Initial generation: Run paperbanana generate and show the resulting image to the user.
User gives feedback: e.g., "Make the arrows thicker" or "The encoder block should be more prominent."
Read the previous run's artifacts from the semantic directory:
- Read outputs/paperbanana/<SEMANTIC_NAME>/planning.json to get the optimized description.
- Read the latest outputs/paperbanana/<SEMANTIC_NAME>/iter_N/details.json to get the last revised description and critique.

Create an enhanced input file that incorporates the user's feedback:

Read the original input file.
Write a new temporary input file that appends the previous run's final description AND the user's feedback as explicit requirements.

[Original methodology text]

---
PREVIOUS GENERATION CONTEXT:
The previous diagram used this description: [revised_description from last iteration]
The critic noted: [critic_suggestions]

USER FEEDBACK — The following changes MUST be reflected in the new diagram:
- [user's feedback points]

Re-run generation into a new versioned semantic directory:

mkdir -p outputs/paperbanana/<SEMANTIC_NAME>_v2
source ~/.config/paperbanana/env && paperbanana generate \
  -i /tmp/pb_refined_input.txt \
  -c "Revised: <original caption>. Changes: <user feedback summary>" \
  -n 5 \
  -o outputs/paperbanana/<SEMANTIC_NAME>_v2/diagram.png
# Copy run artifacts
LATEST_RUN=$(ls -td outputs/run_* | head -1)
cp -r "$LATEST_RUN"/* outputs/paperbanana/<SEMANTIC_NAME>_v2/

Show the new result and repeat if needed.

Feedback Example

# Step 1: User asks for a diagram
mkdir -p outputs/paperbanana/framework_overview
paperbanana generate -i method.txt -c "Framework overview" \
  -o outputs/paperbanana/framework_overview/diagram.png
LATEST_RUN=$(ls -td outputs/run_* | head -1)
cp -r "$LATEST_RUN"/* outputs/paperbanana/framework_overview/

# Step 2: User says "arrows are too thin, and make the encoder block blue"
# → Read outputs/paperbanana/framework_overview/planning.json and iter_3/details.json
# → Write /tmp/pb_refined_input.txt with original text + context + feedback
mkdir -p outputs/paperbanana/framework_overview_v2
paperbanana generate -i /tmp/pb_refined_input.txt \
  -c "Framework overview.

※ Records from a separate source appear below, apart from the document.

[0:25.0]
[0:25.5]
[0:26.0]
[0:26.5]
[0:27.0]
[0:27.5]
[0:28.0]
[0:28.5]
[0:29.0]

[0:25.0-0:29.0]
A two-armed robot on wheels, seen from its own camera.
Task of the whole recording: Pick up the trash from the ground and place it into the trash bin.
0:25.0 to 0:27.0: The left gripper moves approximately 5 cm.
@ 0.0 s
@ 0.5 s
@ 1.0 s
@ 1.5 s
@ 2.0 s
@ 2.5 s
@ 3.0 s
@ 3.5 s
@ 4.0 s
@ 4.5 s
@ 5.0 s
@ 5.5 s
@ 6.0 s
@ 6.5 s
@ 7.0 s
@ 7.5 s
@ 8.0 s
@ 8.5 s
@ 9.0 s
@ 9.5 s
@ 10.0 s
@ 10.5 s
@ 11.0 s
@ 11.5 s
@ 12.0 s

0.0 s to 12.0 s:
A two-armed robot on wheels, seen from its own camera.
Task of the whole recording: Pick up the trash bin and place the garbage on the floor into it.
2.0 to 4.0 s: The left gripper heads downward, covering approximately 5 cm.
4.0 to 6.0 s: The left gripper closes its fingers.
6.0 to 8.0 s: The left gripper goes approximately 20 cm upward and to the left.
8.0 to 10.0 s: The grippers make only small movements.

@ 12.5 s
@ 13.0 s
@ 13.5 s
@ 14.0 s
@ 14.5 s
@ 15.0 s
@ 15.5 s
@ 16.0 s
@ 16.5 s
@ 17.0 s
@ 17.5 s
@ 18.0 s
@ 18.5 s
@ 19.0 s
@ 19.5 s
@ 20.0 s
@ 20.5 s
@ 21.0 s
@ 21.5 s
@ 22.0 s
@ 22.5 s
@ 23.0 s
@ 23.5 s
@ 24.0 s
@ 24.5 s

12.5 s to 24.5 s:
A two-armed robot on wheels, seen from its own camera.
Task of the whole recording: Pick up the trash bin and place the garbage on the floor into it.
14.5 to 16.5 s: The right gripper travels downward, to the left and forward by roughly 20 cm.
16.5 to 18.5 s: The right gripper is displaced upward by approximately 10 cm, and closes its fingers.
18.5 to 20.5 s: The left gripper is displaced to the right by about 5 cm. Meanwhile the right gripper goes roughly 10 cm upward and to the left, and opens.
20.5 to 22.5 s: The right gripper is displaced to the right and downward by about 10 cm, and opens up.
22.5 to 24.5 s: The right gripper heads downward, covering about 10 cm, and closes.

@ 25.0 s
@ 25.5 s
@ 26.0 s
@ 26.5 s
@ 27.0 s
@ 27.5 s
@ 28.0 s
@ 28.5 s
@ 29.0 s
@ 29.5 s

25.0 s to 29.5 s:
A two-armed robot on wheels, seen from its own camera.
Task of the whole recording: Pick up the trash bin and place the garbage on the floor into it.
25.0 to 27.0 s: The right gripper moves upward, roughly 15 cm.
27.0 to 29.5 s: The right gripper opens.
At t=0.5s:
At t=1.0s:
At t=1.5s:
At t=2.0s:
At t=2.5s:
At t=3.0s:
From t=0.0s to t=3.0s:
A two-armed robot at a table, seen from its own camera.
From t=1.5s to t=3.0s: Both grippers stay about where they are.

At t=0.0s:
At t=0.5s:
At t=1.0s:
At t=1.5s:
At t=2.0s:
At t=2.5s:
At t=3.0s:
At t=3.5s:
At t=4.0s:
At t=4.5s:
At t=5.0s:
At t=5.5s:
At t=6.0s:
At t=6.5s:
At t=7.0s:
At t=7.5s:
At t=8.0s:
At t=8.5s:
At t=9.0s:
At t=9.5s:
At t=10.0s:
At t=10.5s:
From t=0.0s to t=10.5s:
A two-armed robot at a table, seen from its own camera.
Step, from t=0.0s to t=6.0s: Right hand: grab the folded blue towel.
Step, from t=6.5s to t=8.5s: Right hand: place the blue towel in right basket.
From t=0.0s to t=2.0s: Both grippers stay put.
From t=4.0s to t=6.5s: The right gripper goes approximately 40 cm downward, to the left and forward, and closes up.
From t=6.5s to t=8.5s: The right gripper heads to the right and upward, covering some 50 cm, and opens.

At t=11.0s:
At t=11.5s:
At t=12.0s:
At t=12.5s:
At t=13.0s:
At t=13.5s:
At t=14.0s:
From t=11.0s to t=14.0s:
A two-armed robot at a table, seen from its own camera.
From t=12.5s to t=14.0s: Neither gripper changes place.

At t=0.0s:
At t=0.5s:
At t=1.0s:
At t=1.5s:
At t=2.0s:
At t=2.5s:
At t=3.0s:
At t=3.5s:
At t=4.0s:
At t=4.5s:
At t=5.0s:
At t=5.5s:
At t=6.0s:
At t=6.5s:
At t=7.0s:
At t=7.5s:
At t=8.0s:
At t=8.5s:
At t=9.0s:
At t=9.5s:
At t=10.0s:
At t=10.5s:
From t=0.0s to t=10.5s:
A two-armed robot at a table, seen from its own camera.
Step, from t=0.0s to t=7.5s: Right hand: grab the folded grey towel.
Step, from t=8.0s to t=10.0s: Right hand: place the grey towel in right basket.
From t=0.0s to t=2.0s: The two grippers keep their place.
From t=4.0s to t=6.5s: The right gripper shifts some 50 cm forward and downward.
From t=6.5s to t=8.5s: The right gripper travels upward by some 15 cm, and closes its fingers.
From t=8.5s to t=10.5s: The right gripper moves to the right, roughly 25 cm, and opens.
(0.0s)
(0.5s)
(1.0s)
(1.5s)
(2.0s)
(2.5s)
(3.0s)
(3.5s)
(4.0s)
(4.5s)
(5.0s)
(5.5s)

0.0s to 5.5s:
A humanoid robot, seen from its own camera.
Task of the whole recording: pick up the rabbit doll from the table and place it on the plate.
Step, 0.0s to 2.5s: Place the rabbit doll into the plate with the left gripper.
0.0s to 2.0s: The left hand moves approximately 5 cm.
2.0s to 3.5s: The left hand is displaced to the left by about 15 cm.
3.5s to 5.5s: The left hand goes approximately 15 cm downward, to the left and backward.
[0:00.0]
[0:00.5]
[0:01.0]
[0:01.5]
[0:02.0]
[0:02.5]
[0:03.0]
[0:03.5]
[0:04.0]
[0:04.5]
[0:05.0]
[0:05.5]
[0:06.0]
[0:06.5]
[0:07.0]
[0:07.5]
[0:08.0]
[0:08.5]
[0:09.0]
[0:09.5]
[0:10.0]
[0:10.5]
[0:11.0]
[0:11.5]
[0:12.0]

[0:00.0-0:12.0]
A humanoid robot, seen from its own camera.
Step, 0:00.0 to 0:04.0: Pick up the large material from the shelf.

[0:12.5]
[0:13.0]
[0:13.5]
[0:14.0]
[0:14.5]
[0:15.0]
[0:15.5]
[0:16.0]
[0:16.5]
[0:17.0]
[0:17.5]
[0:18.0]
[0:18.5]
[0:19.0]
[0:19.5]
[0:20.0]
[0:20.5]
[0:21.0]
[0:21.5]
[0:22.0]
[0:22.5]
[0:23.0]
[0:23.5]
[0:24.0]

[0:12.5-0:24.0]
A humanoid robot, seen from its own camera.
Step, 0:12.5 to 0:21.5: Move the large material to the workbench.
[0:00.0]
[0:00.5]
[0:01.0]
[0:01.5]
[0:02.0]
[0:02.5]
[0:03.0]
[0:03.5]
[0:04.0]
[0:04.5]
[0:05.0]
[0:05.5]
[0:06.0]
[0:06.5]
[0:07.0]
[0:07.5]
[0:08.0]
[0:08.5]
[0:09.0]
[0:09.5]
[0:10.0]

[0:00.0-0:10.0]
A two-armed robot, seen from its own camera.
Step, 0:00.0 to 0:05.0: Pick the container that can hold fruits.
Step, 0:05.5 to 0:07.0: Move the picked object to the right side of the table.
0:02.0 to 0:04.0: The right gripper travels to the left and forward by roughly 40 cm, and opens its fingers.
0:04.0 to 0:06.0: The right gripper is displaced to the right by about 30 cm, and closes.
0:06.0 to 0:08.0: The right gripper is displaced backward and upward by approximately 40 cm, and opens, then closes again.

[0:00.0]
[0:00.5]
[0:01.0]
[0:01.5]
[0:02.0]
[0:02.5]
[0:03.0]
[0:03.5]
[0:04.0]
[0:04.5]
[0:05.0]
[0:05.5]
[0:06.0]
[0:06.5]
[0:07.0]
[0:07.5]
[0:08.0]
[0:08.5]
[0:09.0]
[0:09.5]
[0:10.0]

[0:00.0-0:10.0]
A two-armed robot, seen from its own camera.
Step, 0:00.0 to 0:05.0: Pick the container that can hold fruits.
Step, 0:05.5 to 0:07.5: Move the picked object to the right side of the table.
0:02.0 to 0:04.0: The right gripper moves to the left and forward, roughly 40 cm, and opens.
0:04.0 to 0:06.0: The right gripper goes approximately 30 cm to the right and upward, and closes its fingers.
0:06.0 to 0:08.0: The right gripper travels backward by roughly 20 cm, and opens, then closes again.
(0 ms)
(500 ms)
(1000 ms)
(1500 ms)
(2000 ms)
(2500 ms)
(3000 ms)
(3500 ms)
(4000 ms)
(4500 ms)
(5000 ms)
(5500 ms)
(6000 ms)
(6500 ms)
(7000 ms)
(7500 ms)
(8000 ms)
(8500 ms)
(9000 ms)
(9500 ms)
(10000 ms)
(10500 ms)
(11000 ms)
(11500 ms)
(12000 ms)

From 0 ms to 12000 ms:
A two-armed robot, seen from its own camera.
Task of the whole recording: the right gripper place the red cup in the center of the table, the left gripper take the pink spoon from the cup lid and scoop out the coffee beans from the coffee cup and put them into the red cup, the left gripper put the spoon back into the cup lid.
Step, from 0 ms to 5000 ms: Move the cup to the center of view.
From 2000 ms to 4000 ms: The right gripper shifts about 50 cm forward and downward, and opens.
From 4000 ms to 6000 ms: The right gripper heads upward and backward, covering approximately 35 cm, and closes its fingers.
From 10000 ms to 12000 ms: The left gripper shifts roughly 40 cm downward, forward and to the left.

Revised: thicker arrows, blue encoder block" \
  -n 5 -o outputs/paperbanana/framework_overview_v2/diagram.png
LATEST_RUN=$(ls -td outputs/run_* | head -1)
cp -r "$LATEST_RUN"/* outputs/paperbanana/framework_overview_v2/

Tips for Effective Refinement

Increase iterations (-n 5 or higher) for refinement runs — the critic needs more rounds to satisfy specific requirements.
Be explicit in the enhanced caption — mention the specific visual changes requested.
Preserve the original context — always include the full original methodology text in the input.

Long-Running Tasks

Generation is slow (multi-agent + iterative refinement). Use pueue for background execution:

pueue group add paperbanana 2>/dev/null
pueue add -g paperbanana -- bash -c 'source ~/.config/paperbanana/env && paperbanana generate -i method.txt -c "caption" -o output.png'

Configuration

Edit ~/.config/paperbanana/env to change API keys or default models:

export GOOGLE_API_KEY="your-key"
export VLM_MODEL="gemini-3-flash-preview"

Run paperbanana setup for the interactive configuration wizard.